Pandas version checks
-
[x] I have checked that this issue has not already been reported.
-
[x] I have confirmed this bug exists on the latest version of pandas.
-
[ ] I have confirmed this bug exists on the main branch of pandas.
Reproducible Example
import pandas as pd
import numpy as np
import datetime
pd.DataFrame([np.nan], dtype='datetime64[ns]').replace(np.nan, datetime.datetime(3000,1,1))
Issue Description
code above gives this error, likely because the datetime is too big for datetime64[ns]:
pd.DataFrame([np.nan], dtype='datetime64[ns]').replace(np.nan, datetime.datetime(3000,1,1))
File "C:\Users\mdarnall\mdarnall-local-dev\tma-venv-prod.venv\lib\site-packages\pandas\core\generic.py", line 8141, in replace new_data = self._mgr.replace( File "C:\Users\mdarnall\mdarnall-local-dev\tma-venv-prod.venv\lib\site-packages\pandas\core\internals\base.py", line 249, in replace return self.apply_with_block( File "C:\Users\mdarnall\mdarnall-local-dev\tma-venv-prod.venv\lib\site-packages\pandas\core\internals\managers.py", line 363, in apply applied = getattr(b, f)(**kwargs) File "C:\Users\mdarnall\mdarnall-local-dev\tma-venv-prod.venv\lib\site-packages\pandas\core\internals\blocks.py", line 924, in replace blk = self.coerce_to_target_dtype(value) File "C:\Users\mdarnall\mdarnall-local-dev\tma-venv-prod.venv\lib\site-packages\pandas\core\internals\blocks.py", line 490, in coerce_to_target_dtype raise AssertionError( AssertionError: Something has gone wrong, please report a bug at https://github.com/pandas-dev/pandas/issues
Expected Behavior
different error message or change column type
Installed Versions
Comment From: iabhi4
take
Comment From: iabhi4
I looked into this and confirmed that .to_datetime64()
on Timestamp(datetime(3000, 1, 1))
returns a datetime64[us]
, and casting that to datetime64[ns]
silently overflows, resulting in a corrupted timestamp like 1830-11-23T00:50:52
. Since no error is raised, infer_dtype_from_scalar
infers an invalid dtype, and we later hit an AssertionError
when new_dtype == self.dtype
.
Would adding a bounds check after .to_datetime64()
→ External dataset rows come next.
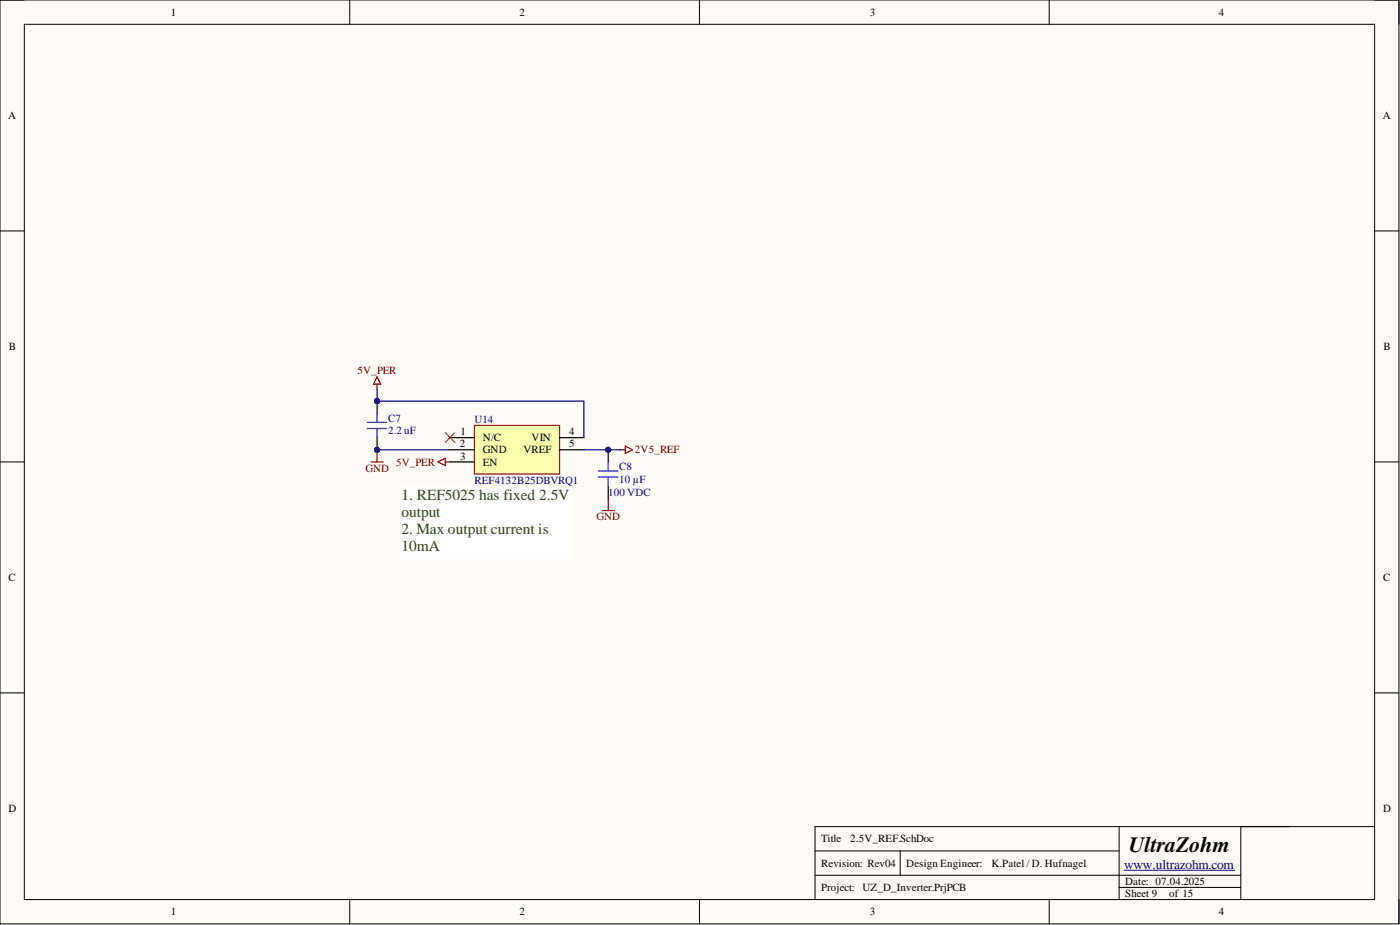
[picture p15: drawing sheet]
<svg xmlns="http://www.w3.org/2000/svg" width="292mm" height="193mm" viewBox="0 0 292 193" stroke-linecap="round" stroke-linejoin="round" font-family="sans-serif">
<defs><g id="words">
<text font-size="4.6" x="235.5" y="177.8">UltraZohm</text>
<g font-size="3.2" fill="#274e13">
<text x="83.8" y="104.3">1. REF5025 has fixed 2.5V</text>
<text x="83.8" y="107.9">output</text>
<text x="83.8" y="111.4">2. Max output current is</text>
<text x="83.8" y="115">10mA</text>
</g>
<text font-size="2.8" fill="#000080" x="234.5" y="181.2">www.ultrazohm.com</text>
<g font-size="2.3">
<text x="35.6" y="3.3">1</text>
<text x="108.4" y="3.3">2</text>
<text x="181.5" y="3.3">3</text>
<text x="254.3" y="3.3">4</text>
<text x="1.7" y="24.8">A</text>
<text x="288.5" y="24.8">A</text>
<text x="1.9" y="73">B</text>
<text x="288.7" y="73">B</text>
<text x="95.9" y="93.3">2</text>
<text x="96" y="95.9">3</text>
<text x="96.1" y="90.8">1</text>
<text x="100.8" y="92.1">N/C</text>
<text x="100.8" y="94.6">GND</text>
<text x="109.2" y="94.6">VREF</text>
<text x="110.9" y="92.1">VIN</text>
<text x="118.8" y="90.8">4</text>
<text x="118.8" y="93.3">5</text>
<text x="100.8" y="97.1">EN</text>
<text x="1.8" y="121.2">C</text>
<text x="288.6" y="121.2">C</text>
<text x="1.8" y="169.4">D</text>
<text x="288.6" y="169.4">D</text>
<text x="171.3" y="175.7">Title</text>
<text x="177.4" y="175.7">2.5V_REF.SchDoc</text>
<text x="171.3" y="180.8">Revision: Rev04</text>
<text x="171.3" y="185.9">Project: UZ_D_Inverter.PrjPCB</text>
<text x="189.1" y="180.8">Design Engineer:</text>
<text x="206.9" y="180.8">K.Patel / D. Hufnagel</text>
<text x="234.8" y="184.6">Date: 07.04.2025</text>
<text x="35.6" y="191">1</text>
<text x="108.4" y="191">2</text>
<text x="181.5" y="191">3</text>
<text x="234.8" y="187.2">Sheet 9</text>
<text x="243.9" y="187.2">of 15</text>
<text x="254.3" y="191">4</text>
</g>
<g font-size="2.3" fill="#800000">
<text x="74.6" y="78.1">5V_PER</text>
<text x="132.5" y="94.6">2V5_REF</text>
<text x="76.2" y="98.4">GND</text>
<text x="82.7" y="97.1">5V_PER</text>
<text x="124.5" y="108.5">GND</text>
</g>
<g font-size="2.3" fill="#000080">
<text x="81" y="88">C7</text>
<text x="99" y="88.3">U14</text>
<text x="81" y="90.5">2.2 uF</text>
<text x="99" y="100.9">REF4132B25DBVRQ1</text>
<text x="129.2" y="98.1">C8</text>
<text x="129.2" y="100.7">10 µF</text>
<text x="126.9" y="103.5">100 VDC</text>
</g>
</g></defs>
<path d="M0 0h291.9v192.7h-291.9z" fill-rule="evenodd" fill="#fffcf8"/>
<path d="M0 0h291.9v192.7h-291.9z" fill="none" stroke="#000" stroke-width=".21"/>
<path d="M5.1 5.1h281.7v182.6h-281.7z" fill-rule="evenodd" fill="#fffcf8"/>
<g fill="none" stroke="#000" stroke-width=".21">
<path d="M0 0h5.1M73 0v5.1M145.9 0v5.1M218.9 0v5.1M286.8 0h5.1v5.1M5.1 5.1h281.7v182.6h-281.7zM0 48.2h5.1M286.8 48.2h5.1M0 96.4h5.1M286.8 96.4h5.1M0 144.6h5.1M286.8 144.6h5.1"/>
<path d="M170.1 177.5h63.4M187.8 177.5v5.1M233.5 172.4v15.3M258.9 172.4v15.3M286.8 172.4h-116.7v15.3M73 187.7v5M145.9 187.7v5M170.1 182.6h88.8M218.9 187.7v5M233.5 185.1h25.4M291.9 187.7v5"/>
</g>
<path d="M234.5 181.5h23.1" fill="none" stroke="#000080" stroke-width=".21"/>
<path d="M78.7 78.6l.7 1.5h-1.5zM77.4 96.4h2.5M78.7 80.1v1M78.7 93.8v2.6" fill="none" stroke="#800000" stroke-width=".25"/>
<circle cx="78.7" cy="93.8" r=".51" fill="#000080"/>
<circle cx="78.7" cy="93.8" r=".51" fill="none" stroke="#000080" stroke-width=".21"/>
<path d="M125.6 106.5h2.6M126.9 104v2.5" fill="none" stroke="#800000" stroke-width=".25"/>
<path d="M83.8 101.4h35.5v15.3h-35.5z" fill-rule="evenodd" fill="#fff"/>
<path d="M83.8 101.4h35.5v15.3h-35.5z" fill="none" stroke="#fff" stroke-width=".21"/>
<path d="M99 88.8h17.8v10.1h-17.8z" fill-rule="evenodd" fill="#ffffb0"/>
<path d="M91.4 96.4l1.5-.8v1.5zM92.9 96.4h1M99 88.8h17.8v10.1h-17.8zM129.4 93.8h1.1M130.5 93.1l1.5 .7-1.5 .8z" fill="none" stroke="#800000" stroke-width=".25"/>
<path d="M93.9 91.3h5.1M93.9 93.8h5.1M93.9 96.4h5.1M116.8 91.3h5M116.8 93.8h5" fill="none" stroke="#000" stroke-width=".25"/>
<path d="M92.9 90.3l2 2M94.9 90.3l-2 2" fill="none" stroke="#f00" stroke-width=".21"/>
<circle cx="78.7" cy="93.8" r=".51" fill="#000080"/>
<circle cx="78.7" cy="93.8" r=".51" fill="none" stroke="#000080" stroke-width=".21"/>
<circle cx="78.7" cy="83.7" r=".51" fill="#000080"/>
<circle cx="78.7" cy="83.7" r=".51" fill="none" stroke="#000080" stroke-width=".21"/>
<path d="M78.7 91.3v2.5" fill="none" stroke="#000" stroke-width=".25"/>
<circle cx="78.7" cy="93.8" r=".51" fill="#000080"/>
<circle cx="78.7" cy="93.8" r=".51" fill="none" stroke="#000080" stroke-width=".21"/>
<path d="M78.7 83.7v2.5" fill="none" stroke="#000" stroke-width=".25"/>
<circle cx="78.7" cy="83.7" r=".51" fill="#000080"/>
<circle cx="78.7" cy="83.7" r=".51" fill="none" stroke="#000080" stroke-width=".21"/>
<path d="M76.6 88.1h4.1M76.6 89.4h4.1M78.7 86.2v1.9M78.7 89.4v1.9" fill="none" stroke="#00f" stroke-width=".25"/>
<path d="M78.7 93.8h15.2" fill="none" stroke="#000080" stroke-width=".25"/>
<circle cx="78.7" cy="93.8" r=".51" fill="#000080"/>
<circle cx="78.7" cy="93.8" r=".51" fill="none" stroke="#000080" stroke-width=".21"/>
<path d="M78.7 81.1v2.6" fill="none" stroke="#000080" stroke-width=".25"/>
<circle cx="78.7" cy="83.7" r=".51" fill="#000080"/>
<circle cx="78.7" cy="83.7" r=".51" fill="none" stroke="#000080" stroke-width=".21"/>
<path d="M78.7 83.7h43.1v7.6" fill="none" stroke="#000080" stroke-width=".25"/>
<circle cx="78.7" cy="83.7" r=".51" fill="#000080"/>
<circle cx="78.7" cy="83.7" r=".51" fill="none" stroke="#000080" stroke-width=".21"/>
<path d="M121.8 93.8h7.6" fill="none" stroke="#000080" stroke-width=".25"/>
<circle cx="126.9" cy="93.8" r=".51" fill="#000080"/>
<circle cx="126.9" cy="93.8" r=".51" fill="none" stroke="#000080" stroke-width=".21"/>
<circle cx="126.9" cy="93.8" r=".51" fill="#000080"/>
<circle cx="126.9" cy="93.8" r=".51" fill="none" stroke="#000080" stroke-width=".21"/>
<path d="M126.9 93.8v2.6M126.9 101.4v2.6" fill="none" stroke="#000" stroke-width=".25"/>
<circle cx="126.9" cy="93.8" r=".51" fill="#000080"/>
<circle cx="126.9" cy="93.8" r=".51" fill="none" stroke="#000080" stroke-width=".21"/>
<path d="M124.9 98.3h4M124.9 99.5h4M126.9 96.4v1.9M126.9 99.5v1.9" fill="none" stroke="#00f" stroke-width=".25"/>
<use href="#words"/>
</svg>

in infer_dtype_from_scalar
make sense here to catch this early?
Comment From: jbrockmendel
Looks like this needs special handling in dtypes.cast.find_result_type. At the end of the function we call find_common_type with dt64[ns] and dt64[us] which gives dt64[ns]. For arithmetic-like use cases that is the right thing to do for find_common_type, but not here.
Comment From: iabhi4
That makes sense. I’ll move the bounds check into find_result_type
, right after find_common_type
, and special-case the datetime64[ns]/[us] scenario. Thanks for the clarification!